(Entries taken from a collection)
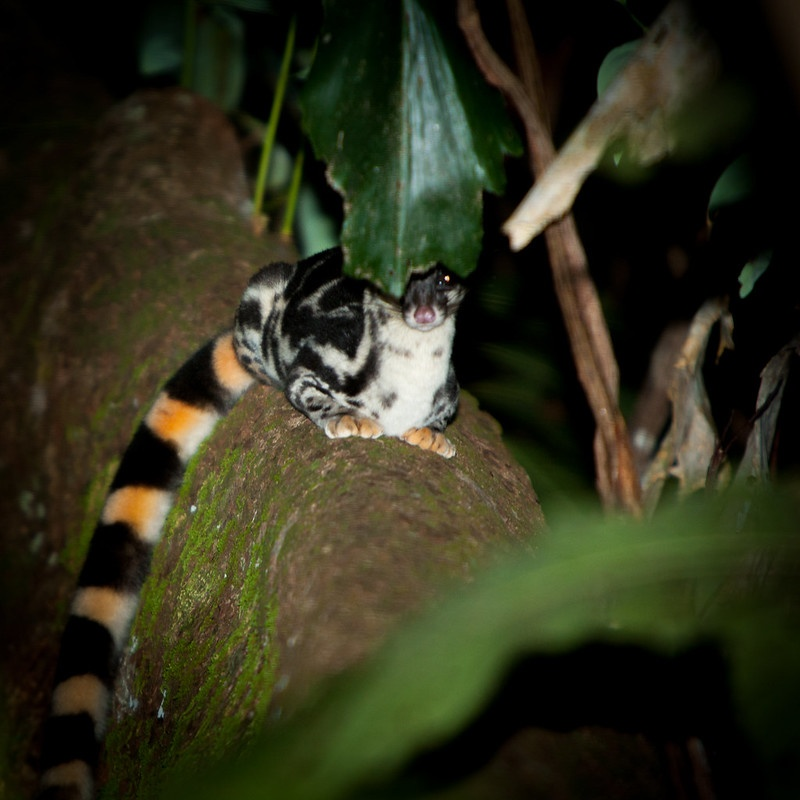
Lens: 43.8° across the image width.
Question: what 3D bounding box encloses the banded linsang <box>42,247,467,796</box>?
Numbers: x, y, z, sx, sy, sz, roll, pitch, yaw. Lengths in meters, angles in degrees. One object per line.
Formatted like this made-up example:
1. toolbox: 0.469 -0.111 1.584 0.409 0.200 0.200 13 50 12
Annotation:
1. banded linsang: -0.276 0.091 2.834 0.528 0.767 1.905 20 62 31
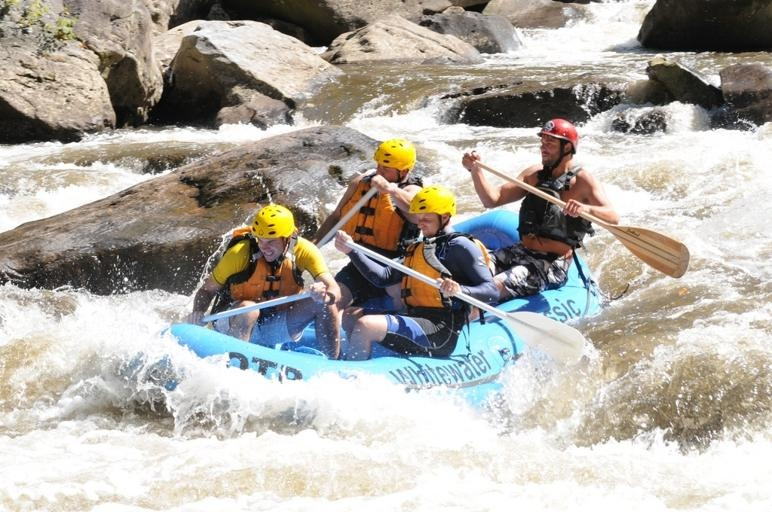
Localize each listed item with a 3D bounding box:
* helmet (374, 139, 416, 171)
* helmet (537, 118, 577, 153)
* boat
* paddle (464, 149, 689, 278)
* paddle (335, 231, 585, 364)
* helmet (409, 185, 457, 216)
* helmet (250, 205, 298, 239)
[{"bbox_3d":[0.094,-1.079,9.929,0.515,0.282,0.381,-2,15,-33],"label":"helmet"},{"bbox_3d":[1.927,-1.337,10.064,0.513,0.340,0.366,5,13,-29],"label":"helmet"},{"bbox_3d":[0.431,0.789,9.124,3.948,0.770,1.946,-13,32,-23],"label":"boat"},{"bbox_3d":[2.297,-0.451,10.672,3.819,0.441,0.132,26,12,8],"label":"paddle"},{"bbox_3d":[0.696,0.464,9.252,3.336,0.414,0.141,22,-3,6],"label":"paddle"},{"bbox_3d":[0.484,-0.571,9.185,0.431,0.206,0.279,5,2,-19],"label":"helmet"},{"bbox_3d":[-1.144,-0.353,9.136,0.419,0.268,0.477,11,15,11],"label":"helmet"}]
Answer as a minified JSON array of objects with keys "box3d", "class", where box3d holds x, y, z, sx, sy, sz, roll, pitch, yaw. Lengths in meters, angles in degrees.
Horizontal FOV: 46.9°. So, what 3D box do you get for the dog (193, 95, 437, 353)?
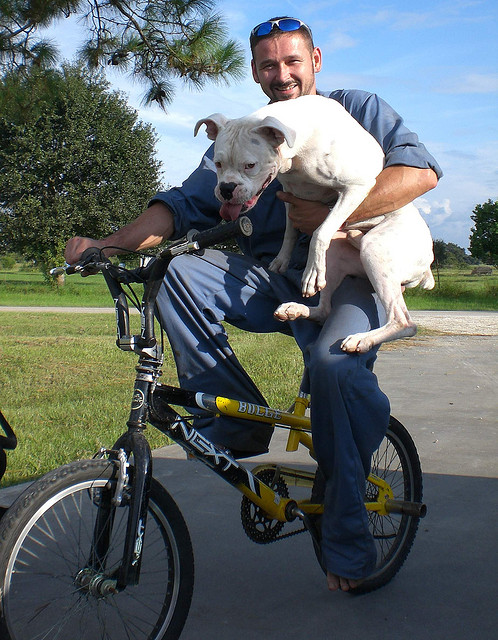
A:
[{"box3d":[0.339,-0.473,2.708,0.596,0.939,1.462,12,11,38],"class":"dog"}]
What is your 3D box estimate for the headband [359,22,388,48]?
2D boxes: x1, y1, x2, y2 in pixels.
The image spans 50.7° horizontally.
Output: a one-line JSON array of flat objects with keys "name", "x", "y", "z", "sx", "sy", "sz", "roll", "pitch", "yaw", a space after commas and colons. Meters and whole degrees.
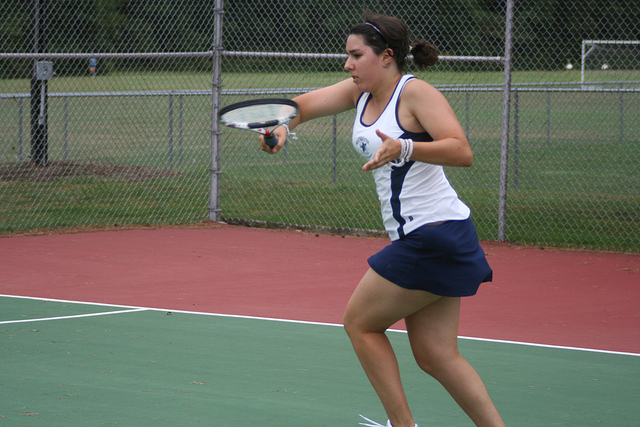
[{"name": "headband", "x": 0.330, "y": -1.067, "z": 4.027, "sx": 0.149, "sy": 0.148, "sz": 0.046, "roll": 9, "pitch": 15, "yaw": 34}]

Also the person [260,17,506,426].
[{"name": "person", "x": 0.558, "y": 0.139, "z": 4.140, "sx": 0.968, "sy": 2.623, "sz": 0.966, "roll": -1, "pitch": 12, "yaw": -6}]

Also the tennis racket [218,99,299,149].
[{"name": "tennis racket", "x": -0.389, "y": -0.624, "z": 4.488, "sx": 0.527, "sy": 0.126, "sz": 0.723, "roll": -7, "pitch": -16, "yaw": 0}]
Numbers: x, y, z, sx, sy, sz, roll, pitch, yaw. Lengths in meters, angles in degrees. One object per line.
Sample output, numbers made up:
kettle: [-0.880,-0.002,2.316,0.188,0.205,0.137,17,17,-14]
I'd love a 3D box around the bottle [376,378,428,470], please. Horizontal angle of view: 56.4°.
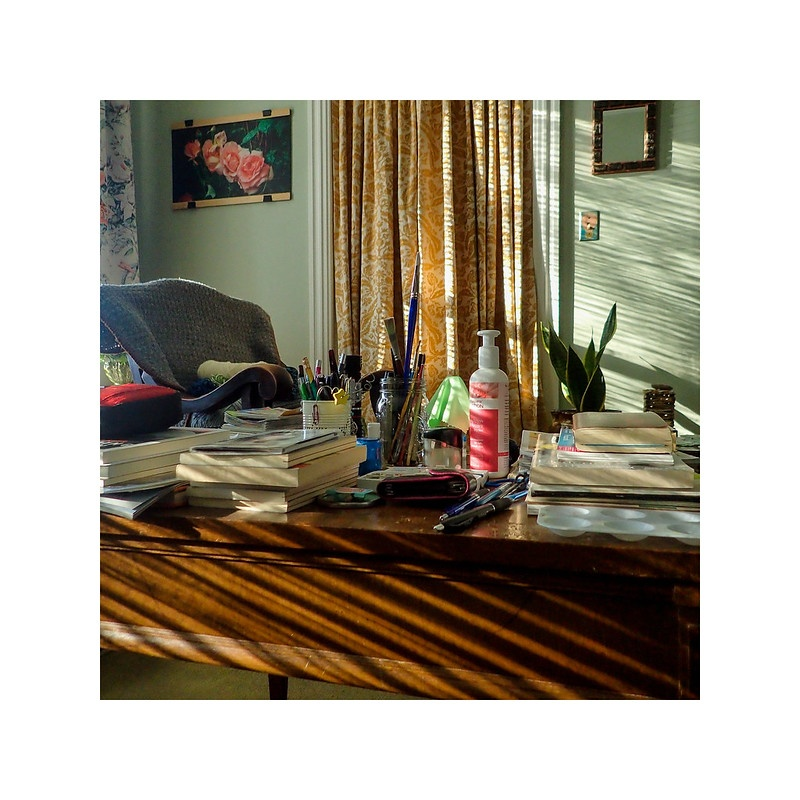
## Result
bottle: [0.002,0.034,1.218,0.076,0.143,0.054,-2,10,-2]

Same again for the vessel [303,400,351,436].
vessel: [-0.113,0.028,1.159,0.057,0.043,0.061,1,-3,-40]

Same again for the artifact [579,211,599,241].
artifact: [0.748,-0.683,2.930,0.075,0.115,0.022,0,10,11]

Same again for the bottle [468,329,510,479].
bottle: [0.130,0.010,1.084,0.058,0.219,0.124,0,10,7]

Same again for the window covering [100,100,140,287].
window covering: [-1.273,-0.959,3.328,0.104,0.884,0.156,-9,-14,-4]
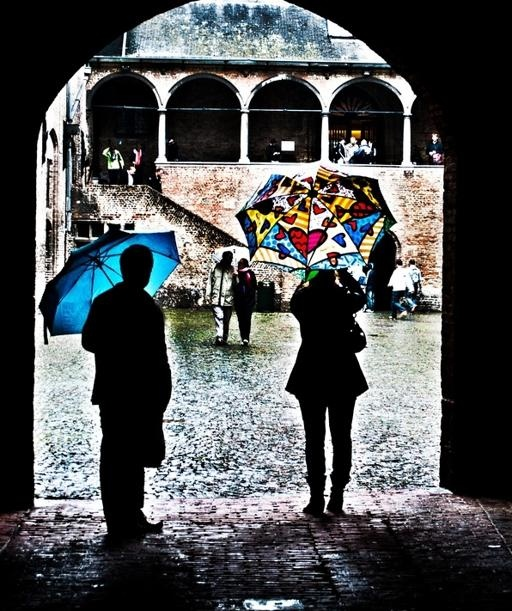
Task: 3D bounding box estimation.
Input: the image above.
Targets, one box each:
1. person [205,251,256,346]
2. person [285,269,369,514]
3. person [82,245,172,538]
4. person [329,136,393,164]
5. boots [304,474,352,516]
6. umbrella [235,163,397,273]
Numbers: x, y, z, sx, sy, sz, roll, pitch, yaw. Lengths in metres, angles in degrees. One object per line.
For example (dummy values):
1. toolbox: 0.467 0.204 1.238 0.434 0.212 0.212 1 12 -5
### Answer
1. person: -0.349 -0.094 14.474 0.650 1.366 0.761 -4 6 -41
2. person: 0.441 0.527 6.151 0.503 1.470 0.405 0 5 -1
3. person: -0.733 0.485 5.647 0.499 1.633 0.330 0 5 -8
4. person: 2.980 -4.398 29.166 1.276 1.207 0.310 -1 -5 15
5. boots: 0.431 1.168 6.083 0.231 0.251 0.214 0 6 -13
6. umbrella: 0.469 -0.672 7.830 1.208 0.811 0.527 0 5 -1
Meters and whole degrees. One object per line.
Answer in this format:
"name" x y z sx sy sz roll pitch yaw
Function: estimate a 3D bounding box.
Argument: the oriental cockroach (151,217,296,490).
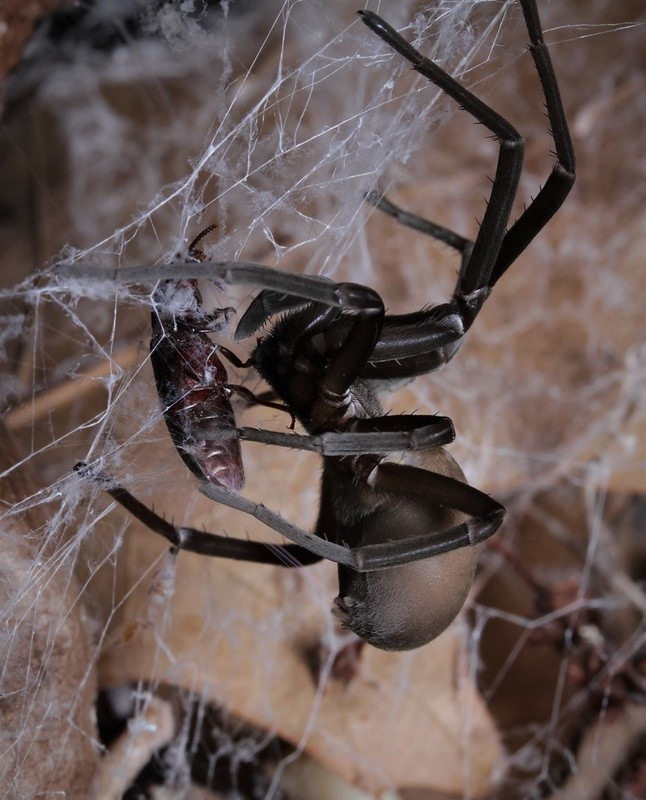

(Try it): Go through the lines above and copy any that contain "Lengths".

(Exercise answer):
Numbers: x, y, z, sx, sy, sz, roll, pitch, yaw. Lengths in meters, angles in degrees. One object per line.
Answer as a minified JSON array of objects with keys "box3d", "class", where box3d holds x, y, z, sx, sy, sz, roll, pitch, yaw. Lengths in meters, angles in degrees.
Numbers: x, y, z, sx, sy, sz, roll, pitch, yaw. Lengths in meters, angles in degrees. One object per line.
Numbers: x, y, z, sx, sy, sz, roll, pitch, yaw. Lengths in metres, angles in degrees. One object per line.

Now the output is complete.